MLP is the first company to introduce a fully automated single-die photonic probe station for less than $100k compared to the $300k+ price tag of traditional CMOS wafer probe stations. MLP achieves this through its custom-designed modules and controls that have been optimized for the R&D market and their unique PIC testing needs. The probe station consists of three parts: probe station hardware, a set of controllers, and the test automation software, called Fotonica®. The probe station hardware consists of the fiber positioners, the chip positioner, inspection cameras, and DC and RF probe positioners. The controllers provide motion, environmental and photonic signal path controls. The software communicates with the bench-top instruments, executes alignment algorithms, and orchestrates the automated tests. Users load die device coordinates into Fotonica® and once the die is registered, users can align to every device on the chip with high accuracy and repeatability, prerequisites for automated testing and trustworthy measurements.
The company has a family of products designed to meet a myriad of PIC testing needs. The system has been architected to allow customers to tailor probe stations for unique needs and evolve or scale-up existing probe stations as new needs emerge. The SD100 has been the company’s workhorse since its inception in 2015. Its fiber positioner supports both edge-or grating-coupled configurations and handles die up to 25x50 mm. Its modularity and flexibility make it a natural choice for R&D groups that require flexibility in their test setups. More recently, MLP launched the SD120, which extends the capabilities of the SD100 by reducing alignment time from approximately 30 seconds to 1 second for applications where test time is the most critical factor.

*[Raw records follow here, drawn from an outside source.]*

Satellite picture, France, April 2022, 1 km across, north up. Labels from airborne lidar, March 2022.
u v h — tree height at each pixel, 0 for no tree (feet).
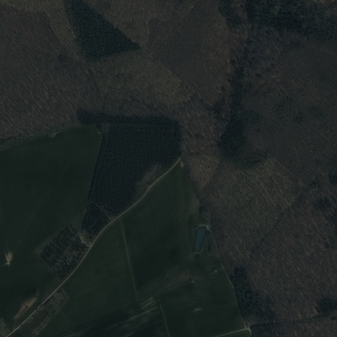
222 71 58
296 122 42
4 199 0
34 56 65
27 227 0
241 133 66
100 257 0
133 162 55
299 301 83
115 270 0
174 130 59
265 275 83
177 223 0
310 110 52
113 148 50
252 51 93
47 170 0
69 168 0
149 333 0
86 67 93
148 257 0
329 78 60
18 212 0
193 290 0
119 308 0
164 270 0
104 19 72
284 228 88
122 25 0
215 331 0
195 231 0
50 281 0
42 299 0
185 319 0
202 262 0
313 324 62
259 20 74
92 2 0
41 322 0
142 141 46
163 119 74
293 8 88
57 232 0
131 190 54
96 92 85
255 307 81
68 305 0
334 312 103
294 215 77
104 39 68
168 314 0
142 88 0
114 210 56
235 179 0
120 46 73
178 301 0
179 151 45
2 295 0
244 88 34
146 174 54
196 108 88
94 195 29
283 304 81
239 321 0
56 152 0
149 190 0
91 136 0
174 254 0
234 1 54
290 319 76
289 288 80
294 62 45
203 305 0
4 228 0
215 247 80
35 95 77
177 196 0
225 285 0
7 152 0
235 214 0
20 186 0
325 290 84
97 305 0
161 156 60
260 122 55
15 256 0
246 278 81
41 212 0
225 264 35
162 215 0
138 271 0
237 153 58
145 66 0
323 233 86
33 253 0
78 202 0
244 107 54
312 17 92
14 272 0
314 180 41
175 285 0
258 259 78
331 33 52
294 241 89
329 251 85
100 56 74
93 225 38
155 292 0
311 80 51
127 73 0
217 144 92
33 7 0
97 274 0
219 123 106
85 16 57
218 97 45
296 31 66
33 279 0
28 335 0
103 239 0
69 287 0
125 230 0
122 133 58
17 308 0
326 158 49
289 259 87
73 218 0
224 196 0
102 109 80
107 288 0
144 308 0
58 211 0
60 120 80
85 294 0
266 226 0
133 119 88
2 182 0
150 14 0
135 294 0
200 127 82
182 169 0
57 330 0
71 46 0
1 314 0
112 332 0
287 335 71
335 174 73
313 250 86
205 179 0
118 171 49
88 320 0
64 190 0
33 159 0
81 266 0
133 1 0
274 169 0
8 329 0
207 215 96
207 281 0
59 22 0
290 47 41
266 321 77
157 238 0
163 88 0
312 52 48
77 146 0
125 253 0
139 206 0
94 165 0
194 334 0
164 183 0
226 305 0
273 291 80
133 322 0
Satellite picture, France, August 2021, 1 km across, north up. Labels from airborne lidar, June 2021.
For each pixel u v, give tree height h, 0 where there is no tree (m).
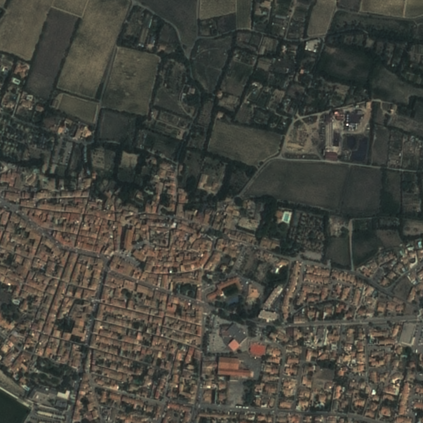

MLP also offers probe stations for specific applications as well. Its SD90 has been optimized for edge-coupled fibers and provides long-term stability for applications like PIC-based quantum computing that often require hundreds of DC biasing channels and dozens of edge-coupled optical IOs. The MD100, a multi-die probe station, tests several dies in sequence to confirm uniformity, quality, and assess performance metrics. This system helps qualify components as they ramp into production.
Users can extend and customize their probe station using Fotonica’s Application Program Interface (API). “Fotonica’s API allows a user to quickly integrate custom instruments or develop unique test sequences on the fly, adapting the probe station to their specific test needs. As the design matures, this R&D investment scales nicely to the production floor,” explains Schmidt.
MLP provides exceptional customer support. With each sale, engineers spend time onsite to assemble and calibrate the system. As part of this process, they provide system training with the customer’s device and instrumentation. This has been critical in developing each customer’s confidence with the probe station and measured results on their device. MLP offers a variety of support programs depending on the customer’s needs and Schmidt says providing post-sales support results in trust and deep relationships with each customer.
Fotonica’s API allows a user to quickly integrate custom instruments or develop unique test sequences on the fly, adapting the probe station to their specific test needs. As the design matures, the R&D investment scales nicely to the production floor
In the future, Maple Leaf will pursue two key tactics. Because testing PICs requires both precise probe stations as well as the latest test equipment, Maple Leaf will continue to offer open architecture and relationships with all the major test set vendors. As evidence of this tactic so far is the extensive list of Fotonica drivers for instrumentation from Exfo, Luna, Keysight, Okagawa, Santec, and many others. Secondly, new products will integrate machine learning and artificial intelligence to keep pace with the market needs for test speed and complete automation.